_Activity_
Leave every picture out, and retype all the remaining records exactly.

** Opening Given data block **

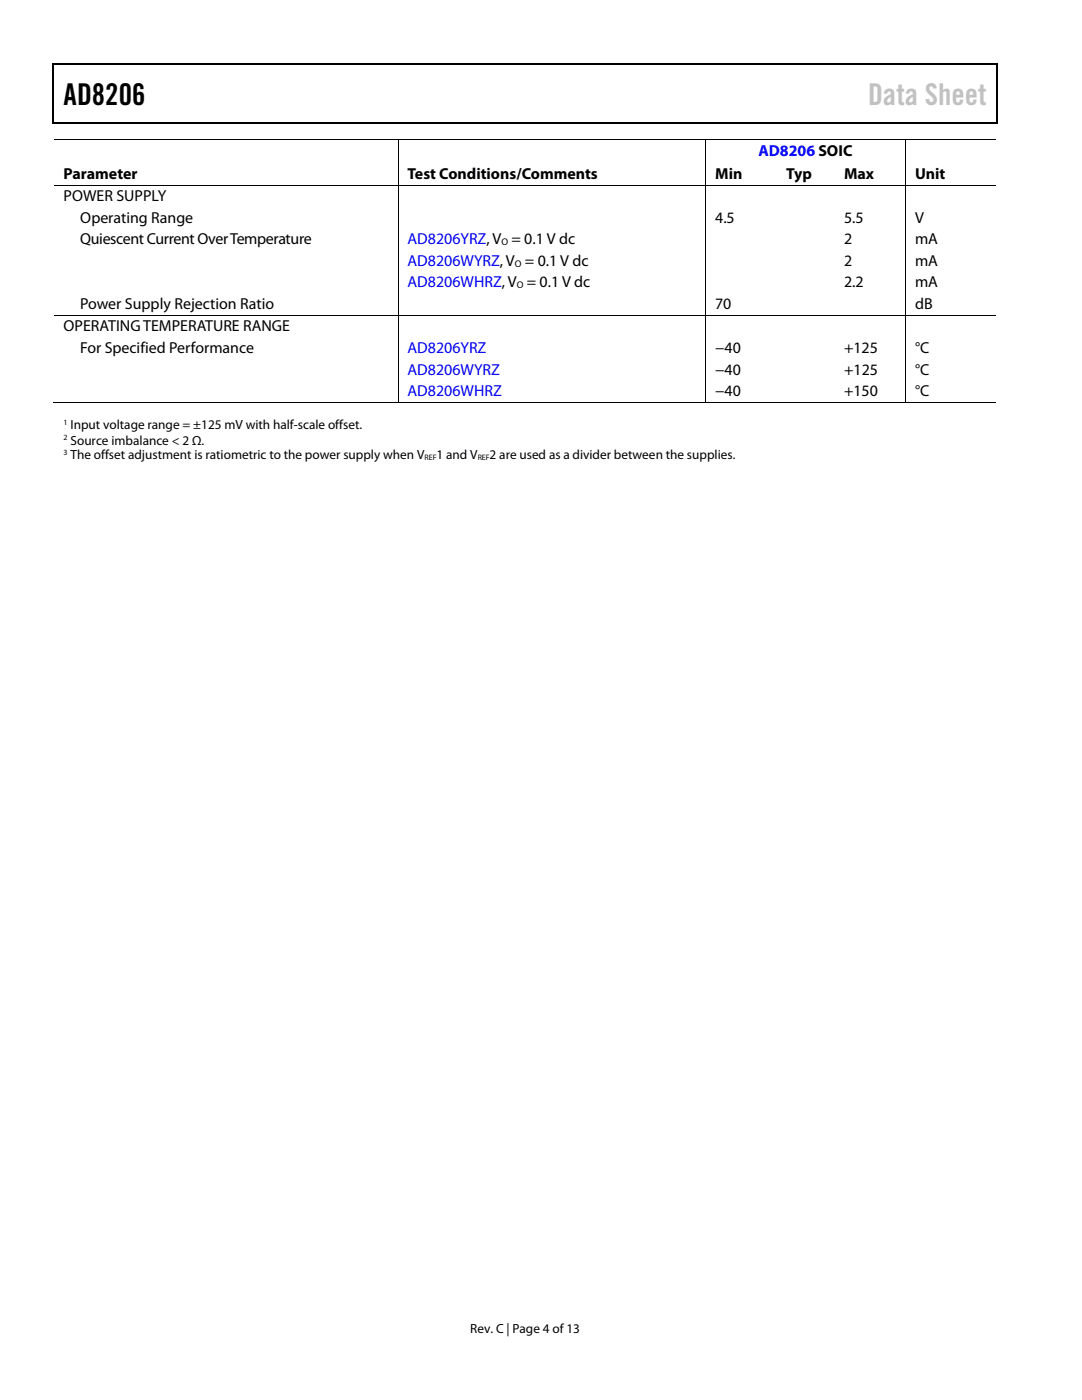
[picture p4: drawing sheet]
<svg xmlns="http://www.w3.org/2000/svg" width="216mm" height="279mm" viewBox="0 0 216 279" stroke-linecap="round" stroke-linejoin="round" font-family="sans-serif">
<defs><g id="words">
<text font-size="6" x="12.7" y="21">AD8206</text>
<text font-size="6" fill="#c1c1c1" x="173.2" y="21">Data Sheet</text>
<g font-size="3.2">
<text x="12.7" y="35.7">Parameter</text>
<text x="81.3" y="35.7">Test Conditions/Comments</text>
<text x="142.7" y="35.7">Min</text>
<text x="156.9" y="35.7">Typ</text>
<text x="168.4" y="35.7">Max</text>
<text x="182.6" y="35.7">Unit</text>
<text x="12.7" y="40.2">POWER SUPPLY</text>
<text x="16" y="44.5">Operating Range</text>
<text x="142.7" y="44.5">4.5</text>
<text x="168.4" y="44.5">5.5</text>
<text x="182.6" y="44.5">V</text>
<text x="16" y="48.8">Quiescent Current OverTemperature</text>
<text x="168.4" y="53.1">2</text>
<text x="168.4" y="48.8">2</text>
<text x="182.6" y="53.1">mA</text>
<text x="182.6" y="48.8">mA</text>
<text x="168.4" y="57.4">2.2</text>
<text x="182.6" y="57.4">mA</text>
<text x="16" y="61.7">Power Supply Rejection Ratio</text>
<text x="142.7" y="61.7">70</text>
<text x="182.6" y="61.7">dB</text>
<text x="12.7" y="66.1">OPERATING TEMPERATURE RANGE</text>
<text x="16" y="70.4">For Specified Performance</text>
<text x="142.7" y="70.4">−40</text>
<text x="168.4" y="70.4">+125</text>
<text x="182.6" y="70.4">°C</text>
<text x="142.7" y="74.7">−40</text>
<text x="168.4" y="74.7">+125</text>
<text x="182.6" y="74.7">°C</text>
<text x="142.7" y="79">−40</text>
<text x="168.4" y="79">+150</text>
<text x="182.6" y="79">°C</text>
</g>
<g font-size="3.2" fill="#00f">
<text x="151.3" y="31.2">AD8206 SOIC</text>
<text x="81.3" y="48.8">AD8206YRZ, V = 0.1 V dc</text>
<text x="81.3" y="53.1">AD8206WYRZ, V = 0.1 V dc</text>
<text x="81.3" y="57.4">AD8206WHRZ, V = 0.1 V dc</text>
<text x="81.3" y="70.4">AD8206YRZ</text>
<text x="81.3" y="74.7">AD8206WYRZ</text>
<text x="81.3" y="79">AD8206WHRZ</text>
</g>
<g font-size="2.6">
<text x="14.1" y="85.7">Input voltage range = ±125 mV with half-scale offset.</text>
<text x="14.1" y="88.7">Source imbalance &lt; 2 Ω.</text>
<text x="14.1" y="91.7">The offset adjustment is ratiometric to the power supply when V</text>
<text x="87.1" y="91.7">1 and V</text>
<text x="97.7" y="91.7">2 are used as a divider between the supplies.</text>
<text x="93.8" y="266">Rev. C | Page 4 of 13</text>
</g>
<g font-size="1.9">
<text x="100.1" y="49">O</text>
<text x="102.7" y="53.3">O</text>
<text x="103.1" y="57.5">O</text>
</g>
<g font-size="1.6">
<text x="12.7" y="84.8">1</text>
<text x="12.7" y="87.8">2</text>
<text x="12.7" y="90.8">3</text>
<text x="84.7" y="91.9">REF</text>
<text x="95.3" y="91.9">REF</text>
</g>
</g></defs>
<g fill="#000">
<path d="M10.5 12.7h.3v1h-.3zM10.5 12.7h.3v.3h-.3zM133.3 12.7h.3v.3h-.3zM198.8 12.7h.2v1h-.2zM198.8 12.7h.2v.3h-.2zM10.5 24.4h.3v.3h-.3zM79.3 27.9h.2v.1h-.2zM79.3 32.4h.2v.2h-.2zM79.3 36.9h.2v.2h-.2zM133.1 24.4h.2v.3h-.2zM140.7 27.9h.2v.1h-.2zM140.7 32.4h.2v.2h-.2z"/>
<path d="M140.7 36.9h.2v.2h-.2zM155 36.9h.2v.2h-.2zM166.5 36.9h.2v.2h-.2zM180.6 27.9h.2v.1h-.2zM180.6 32.4h.2v.2h-.2zM180.6 36.9h.2v.2h-.2zM198.8 24.4h.2v.3h-.2zM79.3 62.8h.2v.2h-.2zM140.7 62.8h.2v.2h-.2zM155 62.8h.2v.2h-.2zM166.5 62.8h.2v.2h-.2zM180.6 62.8h.2v.2h-.2z"/>
<path d="M79.3 80.2h.2v.2h-.2zM140.7 80.2h.2v.2h-.2zM154.7 80.2h.2v.2h-.2zM166.3 80.2h.1v.2h-.1zM180.6 80.2h.2v.2h-.2z"/>
</g>
<path d="M10.7 13.7v10.7M10.8 12.8h122.5M133.6 12.8h65.2M198.9 13.7v10.7M10.8 24.5h188" fill="none" stroke="#000" stroke-width=".25"/>
<g fill="none" stroke="#000" stroke-width=".2">
<path d="M10.8 27.9h68.5M10.8 37h68.5M79.4 28v4.4M79.4 32.6v4.3M79.4 37.1v25.7M79.5 27.9h61.2M79.5 37h61.2M140.8 28v4.4M140.8 32.6v4.3M140.8 37.1v25.7M140.9 27.9h39.7M140.9 37h14.1"/>
<path d="M155.2 37h11.3M166.7 37h13.9M180.7 28v4.4M180.7 32.6v4.3M180.7 37.1v25.7M180.8 27.9h18M180.8 37h18M10.8 62.9h68.5M79.4 63v17.2M79.5 62.9h61.2M140.8 63v17.2M140.9 62.9h14.1"/>
<path d="M155.2 62.9h11.3M166.7 62.9h13.9M180.7 63v17.2M180.8 62.9h18M10.5 80.3h68.8M79.5 80.3h61.2M140.9 80.3h39.7M180.8 80.3h18"/>
</g>
<use href="#words"/>
</svg>

** Closing Given data block **

_Answer_
[picture p4: drawing sheet]
<svg xmlns="http://www.w3.org/2000/svg" width="216mm" height="279mm" viewBox="0 0 216 279" stroke-linecap="round" stroke-linejoin="round" font-family="sans-serif">
<defs><g id="words">
<text font-size="6" x="12.7" y="21">AD8206</text>
<text font-size="6" fill="#c1c1c1" x="173.2" y="21">Data Sheet</text>
<g font-size="3.2">
<text x="12.7" y="35.7">Parameter</text>
<text x="81.3" y="35.7">Test Conditions/Comments</text>
<text x="142.7" y="35.7">Min</text>
<text x="156.9" y="35.7">Typ</text>
<text x="168.4" y="35.7">Max</text>
<text x="182.6" y="35.7">Unit</text>
<text x="12.7" y="40.2">POWER SUPPLY</text>
<text x="16" y="44.5">Operating Range</text>
<text x="142.7" y="44.5">4.5</text>
<text x="168.4" y="44.5">5.5</text>
<text x="182.6" y="44.5">V</text>
<text x="16" y="48.8">Quiescent Current OverTemperature</text>
<text x="168.4" y="53.1">2</text>
<text x="168.4" y="48.8">2</text>
<text x="182.6" y="53.1">mA</text>
<text x="182.6" y="48.8">mA</text>
<text x="168.4" y="57.4">2.2</text>
<text x="182.6" y="57.4">mA</text>
<text x="16" y="61.7">Power Supply Rejection Ratio</text>
<text x="142.7" y="61.7">70</text>
<text x="182.6" y="61.7">dB</text>
<text x="12.7" y="66.1">OPERATING TEMPERATURE RANGE</text>
<text x="16" y="70.4">For Specified Performance</text>
<text x="142.7" y="70.4">−40</text>
<text x="168.4" y="70.4">+125</text>
<text x="182.6" y="70.4">°C</text>
<text x="142.7" y="74.7">−40</text>
<text x="168.4" y="74.7">+125</text>
<text x="182.6" y="74.7">°C</text>
<text x="142.7" y="79">−40</text>
<text x="168.4" y="79">+150</text>
<text x="182.6" y="79">°C</text>
</g>
<g font-size="3.2" fill="#00f">
<text x="151.3" y="31.2">AD8206 SOIC</text>
<text x="81.3" y="48.8">AD8206YRZ, V = 0.1 V dc</text>
<text x="81.3" y="53.1">AD8206WYRZ, V = 0.1 V dc</text>
<text x="81.3" y="57.4">AD8206WHRZ, V = 0.1 V dc</text>
<text x="81.3" y="70.4">AD8206YRZ</text>
<text x="81.3" y="74.7">AD8206WYRZ</text>
<text x="81.3" y="79">AD8206WHRZ</text>
</g>
<g font-size="2.6">
<text x="14.1" y="85.7">Input voltage range = ±125 mV with half-scale offset.</text>
<text x="14.1" y="88.7">Source imbalance &lt; 2 Ω.</text>
<text x="14.1" y="91.7">The offset adjustment is ratiometric to the power supply when V</text>
<text x="87.1" y="91.7">1 and V</text>
<text x="97.7" y="91.7">2 are used as a divider between the supplies.</text>
<text x="93.8" y="266">Rev. C | Page 4 of 13</text>
</g>
<g font-size="1.9">
<text x="100.1" y="49">O</text>
<text x="102.7" y="53.3">O</text>
<text x="103.1" y="57.5">O</text>
</g>
<g font-size="1.6">
<text x="12.7" y="84.8">1</text>
<text x="12.7" y="87.8">2</text>
<text x="12.7" y="90.8">3</text>
<text x="84.7" y="91.9">REF</text>
<text x="95.3" y="91.9">REF</text>
</g>
</g></defs>
<g fill="#000">
<path d="M10.5 12.7h.3v1h-.3zM10.5 12.7h.3v.3h-.3zM133.3 12.7h.3v.3h-.3zM198.8 12.7h.2v1h-.2zM198.8 12.7h.2v.3h-.2zM10.5 24.4h.3v.3h-.3zM79.3 27.9h.2v.1h-.2zM79.3 32.4h.2v.2h-.2zM79.3 36.9h.2v.2h-.2zM133.1 24.4h.2v.3h-.2zM140.7 27.9h.2v.1h-.2zM140.7 32.4h.2v.2h-.2z"/>
<path d="M140.7 36.9h.2v.2h-.2zM155 36.9h.2v.2h-.2zM166.5 36.9h.2v.2h-.2zM180.6 27.9h.2v.1h-.2zM180.6 32.4h.2v.2h-.2zM180.6 36.9h.2v.2h-.2zM198.8 24.4h.2v.3h-.2zM79.3 62.8h.2v.2h-.2zM140.7 62.8h.2v.2h-.2zM155 62.8h.2v.2h-.2zM166.5 62.8h.2v.2h-.2zM180.6 62.8h.2v.2h-.2z"/>
<path d="M79.3 80.2h.2v.2h-.2zM140.7 80.2h.2v.2h-.2zM154.7 80.2h.2v.2h-.2zM166.3 80.2h.1v.2h-.1zM180.6 80.2h.2v.2h-.2z"/>
</g>
<path d="M10.7 13.7v10.7M10.8 12.8h122.5M133.6 12.8h65.2M198.9 13.7v10.7M10.8 24.5h188" fill="none" stroke="#000" stroke-width=".25"/>
<g fill="none" stroke="#000" stroke-width=".2">
<path d="M10.8 27.9h68.5M10.8 37h68.5M79.4 28v4.4M79.4 32.6v4.3M79.4 37.1v25.7M79.5 27.9h61.2M79.5 37h61.2M140.8 28v4.4M140.8 32.6v4.3M140.8 37.1v25.7M140.9 27.9h39.7M140.9 37h14.1"/>
<path d="M155.2 37h11.3M166.7 37h13.9M180.7 28v4.4M180.7 32.6v4.3M180.7 37.1v25.7M180.8 27.9h18M180.8 37h18M10.8 62.9h68.5M79.4 63v17.2M79.5 62.9h61.2M140.8 63v17.2M140.9 62.9h14.1"/>
<path d="M155.2 62.9h11.3M166.7 62.9h13.9M180.7 63v17.2M180.8 62.9h18M10.5 80.3h68.8M79.5 80.3h61.2M140.9 80.3h39.7M180.8 80.3h18"/>
</g>
<use href="#words"/>
</svg>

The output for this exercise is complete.